Companies from around the globe have shifted to work-from-home schemes as countries face the coronavirus disease 2019 (COVID-19) threat.
And while the flexibility is convenient to some, this set-up might actually put an organization's cybersecurity at risk, Microsoft Digital Crimes Unit warns.
And so, Assistant General Counsel and Regional Lead of Microsoft Asia's Digital Crimes Unit Mary Jo Schrade shared some of the best practices in establishing remote work set-ups, and how companies can combat the most prevalent cyberattacks.
1. Beware of phishing
According to Microsoft's website, phishing is when someone attempts to steal sensitive information through emails, websites, text messages and other forms of electronic communication that often look like official communication from legitimate companies or individuals.
Those text scams allegedly from telecoms claiming you won a raffle is an example, as websites trying to look like online banking platforms.
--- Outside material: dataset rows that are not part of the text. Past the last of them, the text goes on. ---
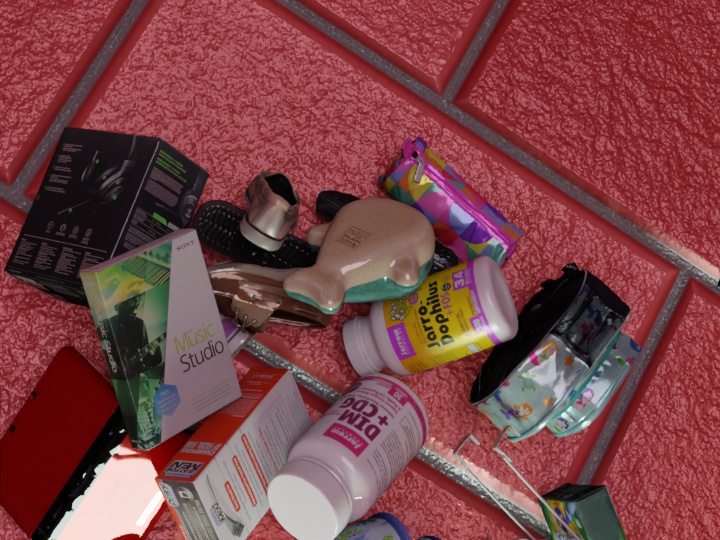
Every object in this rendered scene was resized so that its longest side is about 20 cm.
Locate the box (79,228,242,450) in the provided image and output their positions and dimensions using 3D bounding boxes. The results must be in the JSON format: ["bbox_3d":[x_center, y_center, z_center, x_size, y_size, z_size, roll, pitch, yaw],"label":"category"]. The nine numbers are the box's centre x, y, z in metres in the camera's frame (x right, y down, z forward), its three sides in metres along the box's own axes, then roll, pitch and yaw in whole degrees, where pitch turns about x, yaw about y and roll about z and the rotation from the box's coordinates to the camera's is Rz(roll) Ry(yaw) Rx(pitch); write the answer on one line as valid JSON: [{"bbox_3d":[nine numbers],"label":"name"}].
[{"bbox_3d":[-0.212,0.072,1.324,0.144,0.036,0.203,-28,107,-44],"label":"box"}]

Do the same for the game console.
[{"bbox_3d":[-0.304,0.217,1.395,0.171,0.119,0.201,27,104,-36],"label":"game console"}]

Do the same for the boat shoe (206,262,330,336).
[{"bbox_3d":[-0.123,0.036,1.414,0.197,0.076,0.073,1,73,-13],"label":"boat shoe"}]

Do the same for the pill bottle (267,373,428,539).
[{"bbox_3d":[-0.014,0.216,1.406,0.114,0.113,0.200,49,43,-2],"label":"pill bottle"}]

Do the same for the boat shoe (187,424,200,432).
[{"bbox_3d":[-0.213,0.221,1.443,0.199,0.073,0.063,37,118,-10],"label":"boat shoe"}]

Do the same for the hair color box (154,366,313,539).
[{"bbox_3d":[-0.135,0.213,1.383,0.200,0.063,0.112,-49,128,-45],"label":"hair color box"}]

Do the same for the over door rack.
[{"bbox_3d":[0.185,0.290,1.465,0.066,0.148,0.201,-32,90,-20],"label":"over door rack"}]

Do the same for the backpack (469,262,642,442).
[{"bbox_3d":[0.230,0.118,1.485,0.151,0.178,0.200,46,69,0],"label":"backpack"}]

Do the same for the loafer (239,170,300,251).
[{"bbox_3d":[-0.097,-0.083,1.432,0.071,0.200,0.063,29,108,-10],"label":"loafer"}]

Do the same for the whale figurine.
[{"bbox_3d":[0.000,0.000,1.399,0.158,0.105,0.200,23,43,29],"label":"whale figurine"}]

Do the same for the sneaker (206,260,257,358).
[{"bbox_3d":[-0.199,0.072,1.454,0.114,0.073,0.201,44,63,0],"label":"sneaker"}]

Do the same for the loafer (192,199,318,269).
[{"bbox_3d":[-0.116,-0.031,1.485,0.199,0.071,0.073,36,96,-23],"label":"loafer"}]

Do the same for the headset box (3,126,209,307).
[{"bbox_3d":[-0.287,-0.062,1.394,0.093,0.172,0.203,34,70,-49],"label":"headset box"}]

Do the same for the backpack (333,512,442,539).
[{"bbox_3d":[0.039,0.381,1.403,0.145,0.183,0.202,-21,79,-23],"label":"backpack"}]

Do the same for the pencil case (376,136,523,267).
[{"bbox_3d":[0.112,-0.078,1.536,0.200,0.088,0.089,41,75,-6],"label":"pencil case"}]

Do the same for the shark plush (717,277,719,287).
[{"bbox_3d":[0.580,0.039,1.636,0.197,0.091,0.084,7,110,-16],"label":"shark plush"}]

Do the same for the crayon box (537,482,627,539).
[{"bbox_3d":[0.293,0.363,1.487,0.051,0.126,0.202,-21,86,-14],"label":"crayon box"}]

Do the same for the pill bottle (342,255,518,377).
[{"bbox_3d":[0.081,0.063,1.464,0.198,0.104,0.106,-21,85,19],"label":"pill bottle"}]

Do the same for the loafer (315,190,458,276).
[{"bbox_3d":[0.026,-0.031,1.519,0.199,0.068,0.071,31,111,4],"label":"loafer"}]
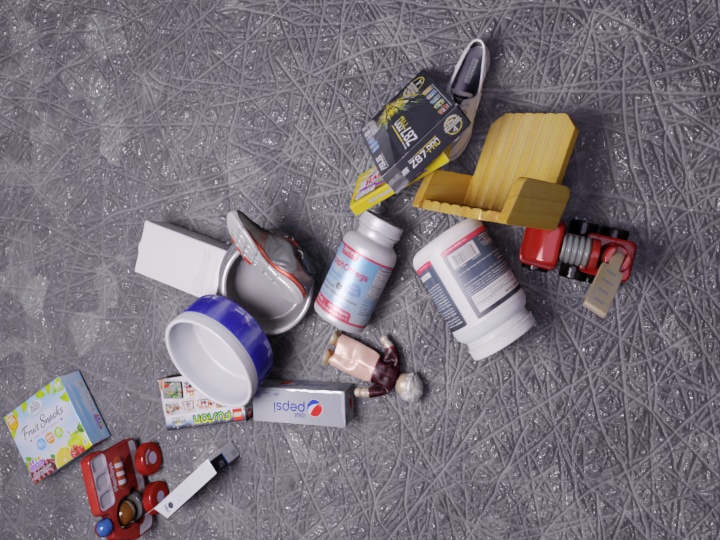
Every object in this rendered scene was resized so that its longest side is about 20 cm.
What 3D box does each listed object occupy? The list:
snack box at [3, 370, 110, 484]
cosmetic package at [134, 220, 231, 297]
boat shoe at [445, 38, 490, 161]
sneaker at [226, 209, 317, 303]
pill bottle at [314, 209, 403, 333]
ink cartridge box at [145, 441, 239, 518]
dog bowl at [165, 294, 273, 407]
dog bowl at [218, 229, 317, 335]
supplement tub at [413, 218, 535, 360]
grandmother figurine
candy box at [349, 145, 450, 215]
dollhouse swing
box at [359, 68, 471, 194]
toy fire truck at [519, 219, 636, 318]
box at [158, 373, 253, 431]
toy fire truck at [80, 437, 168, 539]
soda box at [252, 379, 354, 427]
[{"bbox_3d":[-0.687,0.354,1.250,0.197,0.067,0.172,-31,85,15],"label":"snack box"},{"bbox_3d":[-0.345,-0.020,1.118,0.194,0.085,0.111,21,98,15],"label":"cosmetic package"},{"bbox_3d":[0.171,-0.296,0.957,0.071,0.065,0.207,15,98,14],"label":"boat shoe"},{"bbox_3d":[-0.155,-0.037,0.984,0.201,0.076,0.082,50,62,-12],"label":"sneaker"},{"bbox_3d":[0.000,0.000,1.002,0.106,0.108,0.205,27,100,13],"label":"pill bottle"},{"bbox_3d":[-0.343,0.439,1.135,0.199,0.099,0.040,-42,83,15],"label":"ink cartridge box"},{"bbox_3d":[-0.259,0.149,1.020,0.194,0.079,0.205,18,130,22],"label":"dog bowl"},{"bbox_3d":[-0.174,0.027,1.043,0.192,0.059,0.208,-1,98,-9],"label":"dog bowl"},{"bbox_3d":[0.190,0.029,0.931,0.138,0.140,0.204,-33,84,15],"label":"supplement tub"},{"bbox_3d":[0.030,0.181,1.033,0.195,0.060,0.125,27,99,11],"label":"grandmother figurine"},{"bbox_3d":[0.069,-0.175,0.957,0.196,0.104,0.027,-27,119,30],"label":"candy box"},{"bbox_3d":[0.213,-0.169,0.866,0.198,0.177,0.183,21,105,51],"label":"dollhouse swing"},{"bbox_3d":[0.085,-0.240,0.929,0.160,0.202,0.049,-42,123,18],"label":"box"},{"bbox_3d":[0.334,-0.014,0.854,0.170,0.199,0.134,15,97,14],"label":"toy fire truck"},{"bbox_3d":[-0.324,0.266,1.153,0.193,0.035,0.114,-11,90,17],"label":"box"},{"bbox_3d":[-0.498,0.460,1.147,0.108,0.167,0.208,-12,90,16],"label":"toy fire truck"},{"bbox_3d":[-0.111,0.256,1.074,0.192,0.063,0.071,-1,93,16],"label":"soda box"}]
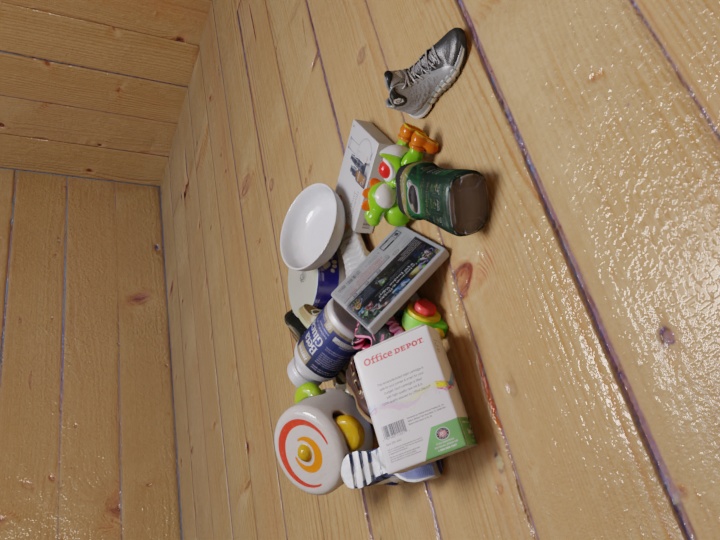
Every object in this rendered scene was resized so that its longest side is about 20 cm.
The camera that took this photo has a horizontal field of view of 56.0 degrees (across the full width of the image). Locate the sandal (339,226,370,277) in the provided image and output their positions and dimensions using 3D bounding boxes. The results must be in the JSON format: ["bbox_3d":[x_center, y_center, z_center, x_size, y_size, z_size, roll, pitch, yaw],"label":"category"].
[{"bbox_3d":[0.005,-0.003,1.466,0.082,0.049,0.207,-33,58,38],"label":"sandal"}]

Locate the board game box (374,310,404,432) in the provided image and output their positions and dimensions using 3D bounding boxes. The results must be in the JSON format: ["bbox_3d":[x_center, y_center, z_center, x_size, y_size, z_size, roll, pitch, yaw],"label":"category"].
[{"bbox_3d":[0.060,0.203,1.337,0.151,0.036,0.205,-44,47,53],"label":"board game box"}]

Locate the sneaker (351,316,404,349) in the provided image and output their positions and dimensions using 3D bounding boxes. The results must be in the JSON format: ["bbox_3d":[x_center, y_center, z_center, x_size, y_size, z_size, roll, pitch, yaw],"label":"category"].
[{"bbox_3d":[0.017,0.105,1.279,0.201,0.094,0.080,55,171,52],"label":"sneaker"}]

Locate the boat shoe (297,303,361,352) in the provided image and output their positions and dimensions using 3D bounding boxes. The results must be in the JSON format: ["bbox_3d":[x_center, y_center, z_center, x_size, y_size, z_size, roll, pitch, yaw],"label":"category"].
[{"bbox_3d":[-0.061,0.124,1.509,0.199,0.072,0.064,37,112,34],"label":"boat shoe"}]

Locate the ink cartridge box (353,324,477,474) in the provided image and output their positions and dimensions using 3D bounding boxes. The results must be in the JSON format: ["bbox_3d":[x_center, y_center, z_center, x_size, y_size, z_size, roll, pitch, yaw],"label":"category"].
[{"bbox_3d":[0.090,0.213,1.121,0.142,0.084,0.204,-24,70,16],"label":"ink cartridge box"}]

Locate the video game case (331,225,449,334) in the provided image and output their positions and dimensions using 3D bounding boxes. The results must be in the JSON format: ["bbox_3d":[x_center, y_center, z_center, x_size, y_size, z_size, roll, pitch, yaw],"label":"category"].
[{"bbox_3d":[0.051,0.010,1.268,0.200,0.023,0.181,-45,30,-6],"label":"video game case"}]

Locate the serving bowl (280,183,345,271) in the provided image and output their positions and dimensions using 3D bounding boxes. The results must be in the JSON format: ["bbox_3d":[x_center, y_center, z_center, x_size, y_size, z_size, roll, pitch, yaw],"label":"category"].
[{"bbox_3d":[-0.098,-0.090,1.532,0.198,0.065,0.205,-23,57,40],"label":"serving bowl"}]

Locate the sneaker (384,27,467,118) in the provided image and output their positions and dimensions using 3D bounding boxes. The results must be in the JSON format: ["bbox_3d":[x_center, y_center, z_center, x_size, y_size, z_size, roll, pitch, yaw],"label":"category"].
[{"bbox_3d":[0.105,-0.360,1.233,0.201,0.113,0.077,-55,41,46],"label":"sneaker"}]

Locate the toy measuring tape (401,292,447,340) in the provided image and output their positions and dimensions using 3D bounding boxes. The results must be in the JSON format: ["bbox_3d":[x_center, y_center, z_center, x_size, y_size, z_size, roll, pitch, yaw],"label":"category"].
[{"bbox_3d":[0.094,0.071,1.250,0.200,0.072,0.075,51,131,53],"label":"toy measuring tape"}]

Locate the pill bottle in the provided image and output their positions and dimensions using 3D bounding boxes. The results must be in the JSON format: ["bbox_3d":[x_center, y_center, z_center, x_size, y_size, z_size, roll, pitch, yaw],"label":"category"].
[{"bbox_3d":[-0.070,0.159,1.410,0.201,0.109,0.112,-52,41,28],"label":"pill bottle"}]

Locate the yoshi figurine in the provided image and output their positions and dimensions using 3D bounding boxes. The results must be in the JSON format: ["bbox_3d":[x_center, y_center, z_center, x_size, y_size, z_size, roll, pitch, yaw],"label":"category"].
[{"bbox_3d":[0.083,-0.170,1.309,0.111,0.112,0.203,34,108,14],"label":"yoshi figurine"}]

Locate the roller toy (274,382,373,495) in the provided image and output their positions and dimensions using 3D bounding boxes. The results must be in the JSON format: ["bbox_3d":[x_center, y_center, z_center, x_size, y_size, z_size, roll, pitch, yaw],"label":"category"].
[{"bbox_3d":[-0.075,0.344,1.356,0.196,0.139,0.187,19,111,29],"label":"roller toy"}]

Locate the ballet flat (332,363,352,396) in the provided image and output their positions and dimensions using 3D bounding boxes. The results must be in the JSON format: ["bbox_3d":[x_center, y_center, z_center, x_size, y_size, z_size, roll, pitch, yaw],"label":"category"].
[{"bbox_3d":[-0.019,0.259,1.457,0.200,0.068,0.071,47,127,55],"label":"ballet flat"}]

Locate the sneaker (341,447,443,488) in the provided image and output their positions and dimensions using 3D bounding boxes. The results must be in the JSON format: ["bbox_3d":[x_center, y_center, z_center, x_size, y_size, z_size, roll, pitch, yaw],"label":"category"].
[{"bbox_3d":[0.071,0.354,1.254,0.196,0.114,0.083,-19,70,30],"label":"sneaker"}]

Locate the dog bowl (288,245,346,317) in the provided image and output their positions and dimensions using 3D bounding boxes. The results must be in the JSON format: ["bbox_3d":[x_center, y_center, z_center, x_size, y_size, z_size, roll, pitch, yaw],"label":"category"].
[{"bbox_3d":[-0.108,0.018,1.651,0.199,0.077,0.206,-16,72,62],"label":"dog bowl"}]

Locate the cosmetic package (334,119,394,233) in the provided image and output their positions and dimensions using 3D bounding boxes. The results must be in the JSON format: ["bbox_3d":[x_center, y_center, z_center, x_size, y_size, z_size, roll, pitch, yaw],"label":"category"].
[{"bbox_3d":[0.005,-0.208,1.487,0.151,0.050,0.204,-124,45,-54],"label":"cosmetic package"}]

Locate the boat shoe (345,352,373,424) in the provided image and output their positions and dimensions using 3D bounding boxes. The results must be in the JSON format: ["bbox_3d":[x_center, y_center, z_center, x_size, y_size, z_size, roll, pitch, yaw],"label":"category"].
[{"bbox_3d":[0.020,0.226,1.296,0.200,0.069,0.072,-141,56,-59],"label":"boat shoe"}]

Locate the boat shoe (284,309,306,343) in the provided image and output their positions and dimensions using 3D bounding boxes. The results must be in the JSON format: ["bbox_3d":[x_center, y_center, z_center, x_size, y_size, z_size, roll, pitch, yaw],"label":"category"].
[{"bbox_3d":[-0.121,0.172,1.680,0.200,0.074,0.075,49,157,44],"label":"boat shoe"}]

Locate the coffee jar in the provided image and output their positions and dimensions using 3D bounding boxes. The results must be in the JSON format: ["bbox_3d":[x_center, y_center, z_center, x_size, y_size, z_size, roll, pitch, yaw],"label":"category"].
[{"bbox_3d":[0.135,-0.130,1.170,0.199,0.083,0.107,31,132,60],"label":"coffee jar"}]
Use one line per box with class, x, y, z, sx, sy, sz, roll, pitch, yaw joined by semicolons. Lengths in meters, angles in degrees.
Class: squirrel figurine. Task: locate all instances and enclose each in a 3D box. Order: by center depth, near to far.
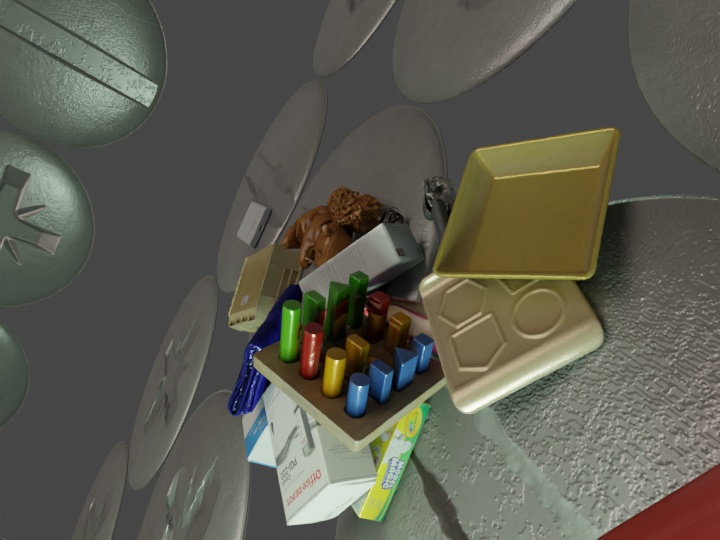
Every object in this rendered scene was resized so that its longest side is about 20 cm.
squirrel figurine;-0.047;-0.078;1.057;0.202;0.140;0.186;-54;14;-2

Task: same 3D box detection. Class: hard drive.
hard drive;-0.360;-0.157;1.817;0.135;0.025;0.199;-65;27;1

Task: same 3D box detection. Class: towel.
towel;-0.147;0.127;0.889;0.201;0.048;0.150;-66;0;-60

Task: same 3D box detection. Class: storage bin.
storage bin;-0.242;0.051;1.373;0.198;0.092;0.204;-17;55;55

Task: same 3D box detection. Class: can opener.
can opener;0.136;-0.079;0.863;0.068;0.051;0.204;96;171;-45

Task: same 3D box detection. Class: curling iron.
curling iron;0.043;-0.014;0.977;0.048;0.025;0.207;3;79;29

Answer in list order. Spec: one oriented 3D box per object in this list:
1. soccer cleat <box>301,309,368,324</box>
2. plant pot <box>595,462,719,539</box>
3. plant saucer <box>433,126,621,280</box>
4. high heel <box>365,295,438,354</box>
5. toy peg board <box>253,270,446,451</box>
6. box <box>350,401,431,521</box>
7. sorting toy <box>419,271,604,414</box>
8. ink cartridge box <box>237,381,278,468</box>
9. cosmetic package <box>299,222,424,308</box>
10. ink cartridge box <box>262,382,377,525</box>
soccer cleat;-0.021;0.090;0.893;0.195;0.074;0.069;-21;40;10
plant pot;0.257;0.184;0.290;0.178;0.199;0.201;-47;31;10
plant saucer;0.204;-0.068;0.656;0.196;0.048;0.204;1;60;41
high heel;0.081;0.066;0.775;0.069;0.095;0.198;-61;25;-12
toy peg board;-0.005;0.096;0.709;0.197;0.197;0.101;29;125;34
box;0.030;0.237;0.790;0.117;0.047;0.205;25;93;63
sorting toy;0.171;0.050;0.658;0.183;0.036;0.203;-33;43;18
ink cartridge box;-0.131;0.251;0.957;0.087;0.144;0.201;-57;29;16
cosmetic package;0.000;0.000;0.916;0.198;0.101;0.076;-35;76;27
ink cartridge box;-0.065;0.234;0.777;0.147;0.083;0.204;-53;45;38
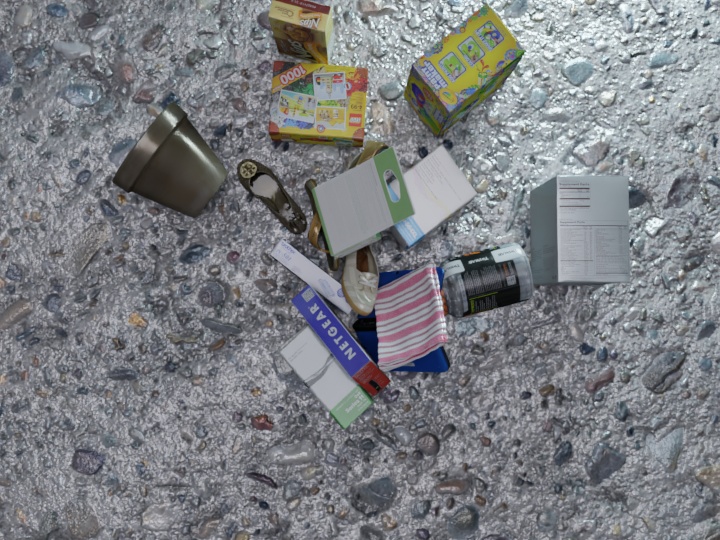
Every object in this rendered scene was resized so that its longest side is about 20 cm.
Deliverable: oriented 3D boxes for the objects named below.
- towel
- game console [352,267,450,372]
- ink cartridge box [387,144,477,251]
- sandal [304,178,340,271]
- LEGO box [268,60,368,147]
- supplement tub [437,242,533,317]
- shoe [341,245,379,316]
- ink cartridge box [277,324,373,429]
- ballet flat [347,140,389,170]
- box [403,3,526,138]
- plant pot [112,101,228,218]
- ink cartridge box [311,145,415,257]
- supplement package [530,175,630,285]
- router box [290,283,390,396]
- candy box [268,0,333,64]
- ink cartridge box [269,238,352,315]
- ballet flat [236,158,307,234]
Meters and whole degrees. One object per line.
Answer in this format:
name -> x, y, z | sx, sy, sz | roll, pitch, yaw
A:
towel -> 0.089, 0.083, 1.349 | 0.145, 0.030, 0.202 | -27, 43, 24
game console -> 0.095, 0.102, 1.437 | 0.118, 0.198, 0.173 | -44, 119, -41
ink cartridge box -> 0.138, -0.152, 1.455 | 0.199, 0.129, 0.126 | -36, 88, -2
sandal -> -0.089, -0.090, 1.471 | 0.053, 0.080, 0.203 | -17, 81, -14
LEGO box -> -0.086, -0.346, 1.486 | 0.196, 0.077, 0.152 | 4, 87, -1
supplement tub -> 0.241, 0.024, 1.452 | 0.197, 0.123, 0.125 | -14, 87, -2
shoe -> 0.000, 0.000, 1.426 | 0.069, 0.054, 0.202 | 16, 44, -24
ink cartridge box -> -0.070, 0.206, 1.425 | 0.083, 0.147, 0.201 | -41, 89, -4
ballet flat -> -0.010, -0.185, 1.496 | 0.063, 0.069, 0.201 | 31, 84, 28
box -> 0.202, -0.393, 1.433 | 0.192, 0.200, 0.123 | -39, 88, -4
plant pot -> -0.367, -0.206, 1.433 | 0.173, 0.200, 0.201 | 37, 87, -16
ink cartridge box -> 0.010, -0.130, 1.378 | 0.198, 0.048, 0.148 | -24, 75, 24
supplement package -> 0.434, -0.073, 1.425 | 0.144, 0.191, 0.204 | 0, 88, -2
router box -> -0.036, 0.139, 1.382 | 0.049, 0.180, 0.200 | -40, 66, -3
candy box -> -0.115, -0.481, 1.430 | 0.114, 0.200, 0.056 | 16, 88, 0
ink cartridge box -> -0.092, 0.014, 1.460 | 0.199, 0.094, 0.044 | 37, 87, 1
ballet flat -> -0.185, -0.156, 1.490 | 0.067, 0.046, 0.201 | -40, 89, -3
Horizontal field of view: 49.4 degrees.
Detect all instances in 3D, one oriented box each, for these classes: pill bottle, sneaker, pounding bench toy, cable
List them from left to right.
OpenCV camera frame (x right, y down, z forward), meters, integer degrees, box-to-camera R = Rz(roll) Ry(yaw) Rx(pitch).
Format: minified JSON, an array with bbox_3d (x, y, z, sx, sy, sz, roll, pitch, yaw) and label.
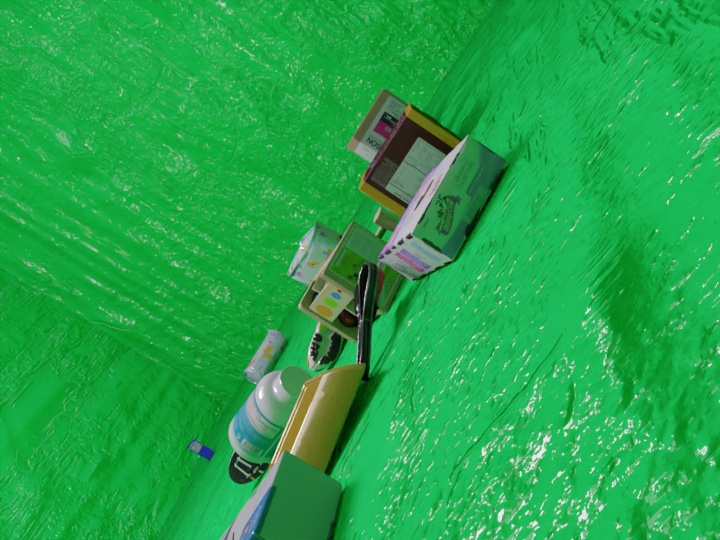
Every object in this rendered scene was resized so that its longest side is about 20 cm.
[{"bbox_3d":[-0.189,0.337,1.559,0.200,0.074,0.081,-53,-5,-11],"label":"sneaker"},{"bbox_3d":[-0.156,0.258,1.426,0.200,0.110,0.111,-52,8,37],"label":"pill bottle"},{"bbox_3d":[-0.058,0.112,1.560,0.201,0.077,0.085,-61,2,-29],"label":"sneaker"},{"bbox_3d":[0.000,0.000,1.397,0.201,0.124,0.156,-62,7,-34],"label":"pounding bench toy"},{"bbox_3d":[0.019,0.066,1.152,0.201,0.050,0.097,-94,16,-46],"label":"cable"}]

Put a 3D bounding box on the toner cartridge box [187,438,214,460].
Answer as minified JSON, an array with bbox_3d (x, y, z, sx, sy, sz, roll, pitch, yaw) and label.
[{"bbox_3d":[-0.636,0.713,3.115,0.043,0.095,0.200,-58,6,-17],"label":"toner cartridge box"}]

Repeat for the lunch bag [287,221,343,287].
[{"bbox_3d":[-0.058,-0.022,1.763,0.123,0.170,0.200,-68,10,-23],"label":"lunch bag"}]

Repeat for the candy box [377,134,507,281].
[{"bbox_3d":[0.115,-0.084,1.141,0.168,0.071,0.200,-59,5,-13],"label":"candy box"}]

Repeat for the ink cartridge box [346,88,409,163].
[{"bbox_3d":[0.093,-0.330,1.963,0.165,0.199,0.075,-60,6,-17],"label":"ink cartridge box"}]

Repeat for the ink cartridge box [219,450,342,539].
[{"bbox_3d":[-0.113,0.323,0.859,0.200,0.083,0.145,-56,7,22],"label":"ink cartridge box"}]

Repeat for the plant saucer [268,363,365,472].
[{"bbox_3d":[-0.071,0.223,1.098,0.201,0.048,0.200,-67,9,-18],"label":"plant saucer"}]

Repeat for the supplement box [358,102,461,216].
[{"bbox_3d":[0.107,-0.237,1.695,0.201,0.132,0.197,-56,6,14],"label":"supplement box"}]

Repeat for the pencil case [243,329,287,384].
[{"bbox_3d":[-0.334,0.308,2.774,0.201,0.083,0.091,-61,-1,-31],"label":"pencil case"}]

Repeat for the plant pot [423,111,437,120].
[{"bbox_3d":[0.109,-0.429,2.424,0.201,0.183,0.200,-57,6,9],"label":"plant pot"}]

Microsoft's Schrade said, "Since the COVID-19 pandemic began, hackers have ramped up phishing and ransomware attacks by fivefold, according to some estimates, in order to harvest sensitive information from users.”
According to Microsoft's statement, an estimate of 91% of cyberattacks begin with an email "which either leads to malicious links directly or which contains dangerous attachments."
2. Activate the multi-factor authentication
Working from home has rendered us slaves to every imaginable messaging app — from GChat to FB messenger to Viber, Whatsapp, Telegram, and Zoom — just to make sure we are able to communicate clearly within our teams and through departments.
Because of this, we open ourselves and our teams to increased risk. According to Schrade, the best thing users can do to improve security for employees who are working from home is to turn on multi-factor authentications (MFA).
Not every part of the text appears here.